What is needed is an exact copy of the records below, with the pictures left out.

* [Records from a data source]
++++++++

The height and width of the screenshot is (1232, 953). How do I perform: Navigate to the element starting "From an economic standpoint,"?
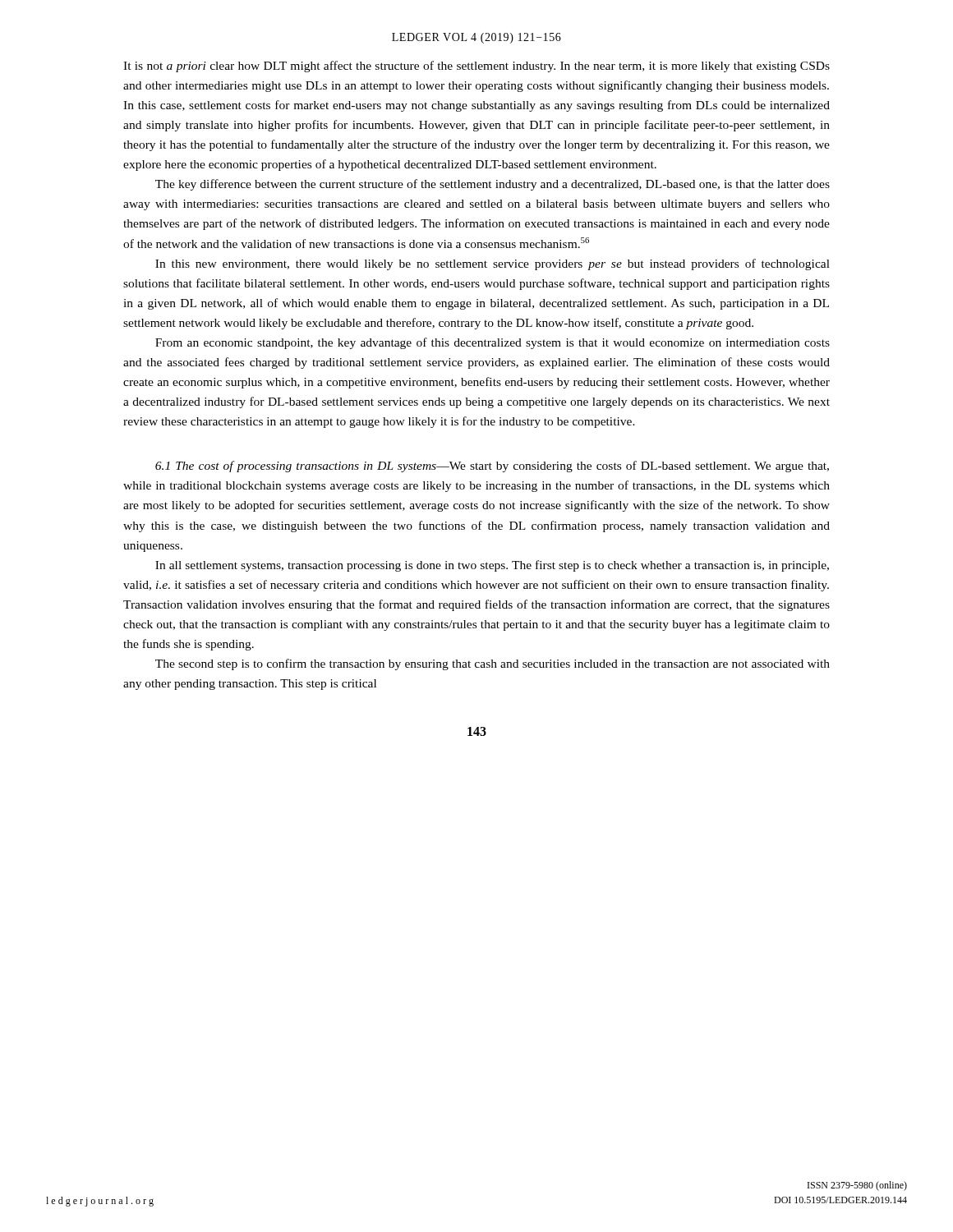(x=476, y=382)
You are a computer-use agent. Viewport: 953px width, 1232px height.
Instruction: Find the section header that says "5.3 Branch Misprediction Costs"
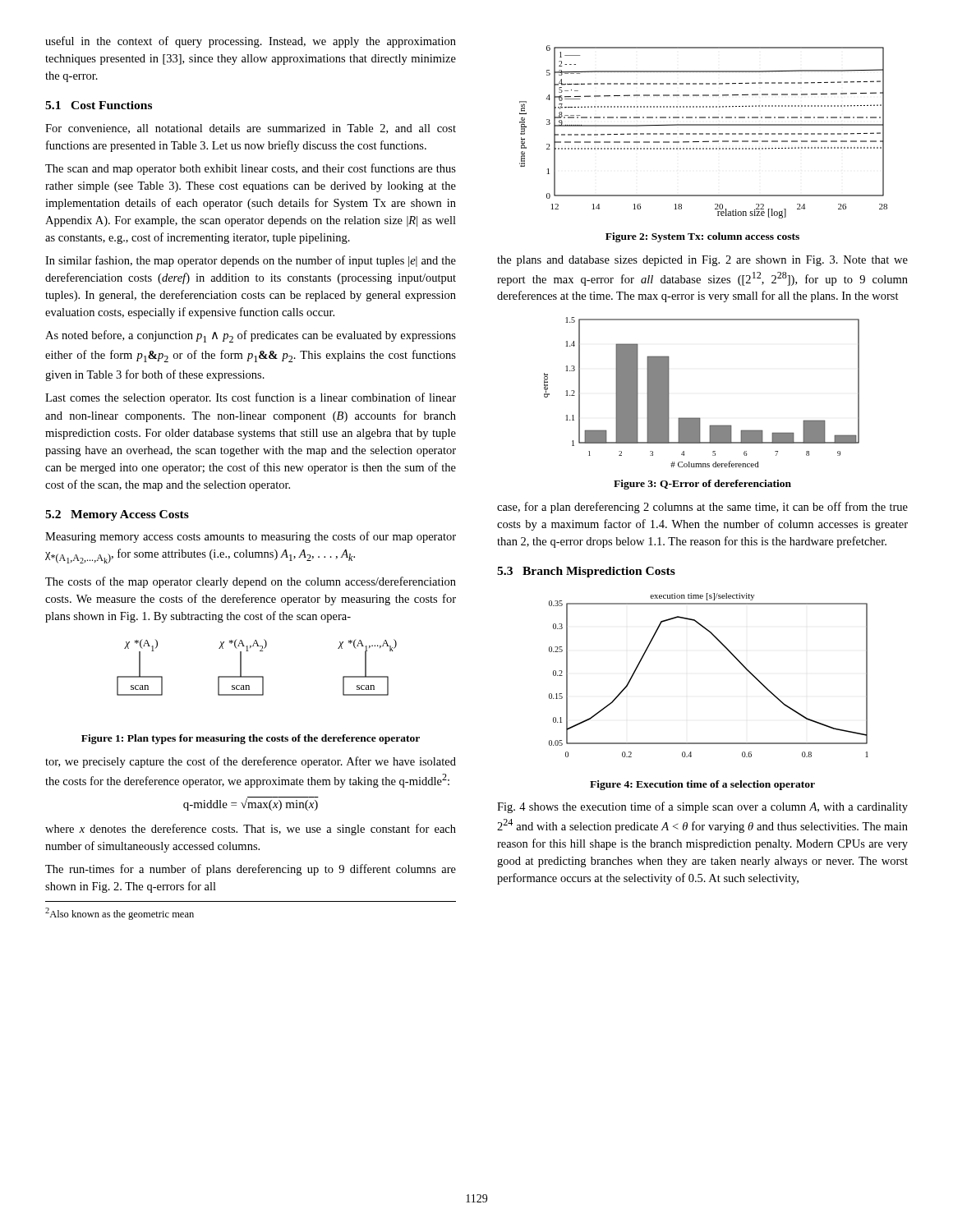click(586, 570)
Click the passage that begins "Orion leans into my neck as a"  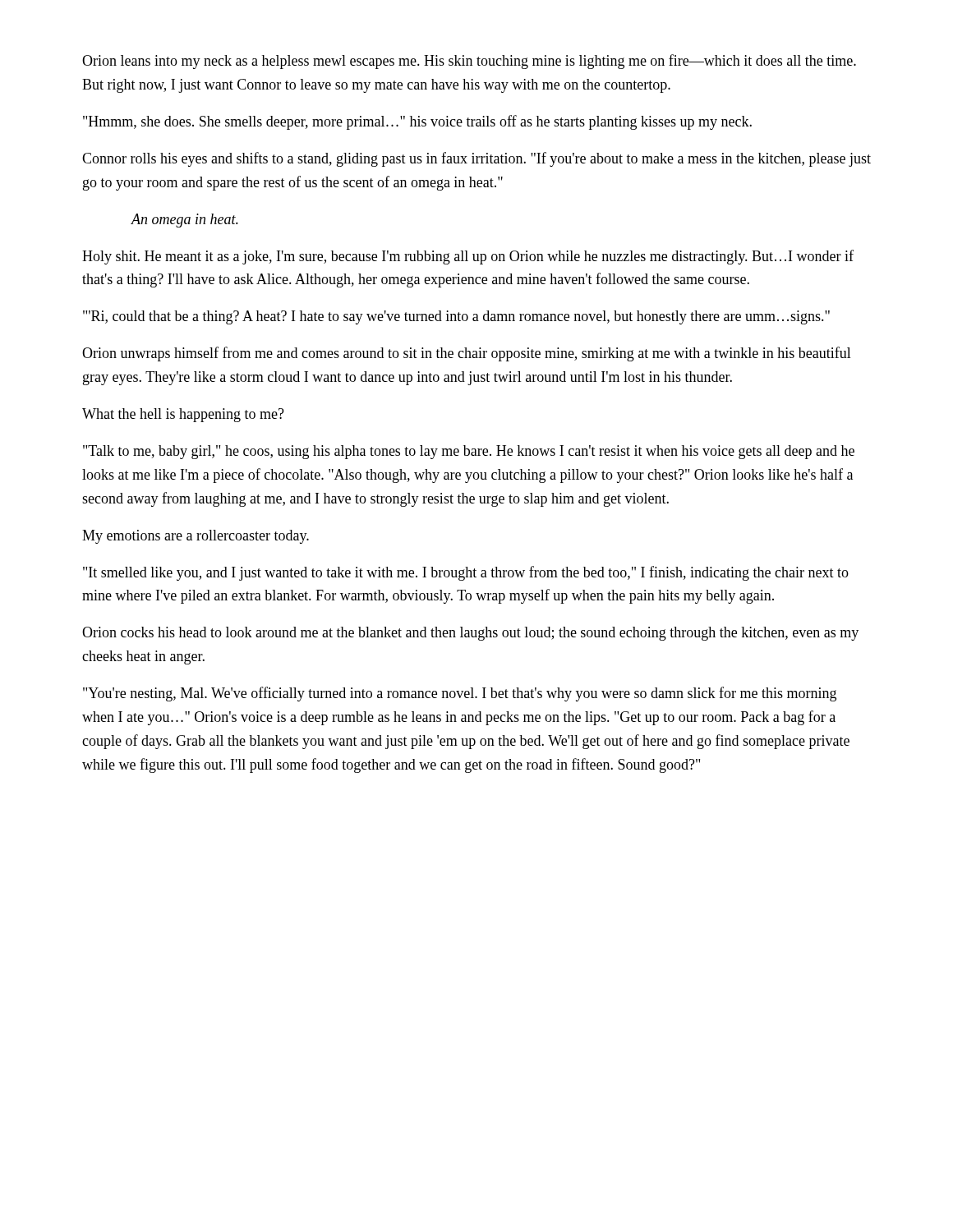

++++++++

* [EXPECTED ANSWER]
The height and width of the screenshot is (1232, 953). How do I perform: Navigate to the element starting "From an economic standpoint,"?
(x=476, y=382)
You are a computer-use agent. Viewport: 953px width, 1232px height.
Instruction: Find the section header that says "5.3 Branch Misprediction Costs"
click(586, 570)
Click the passage that begins "Orion leans into my neck as a"  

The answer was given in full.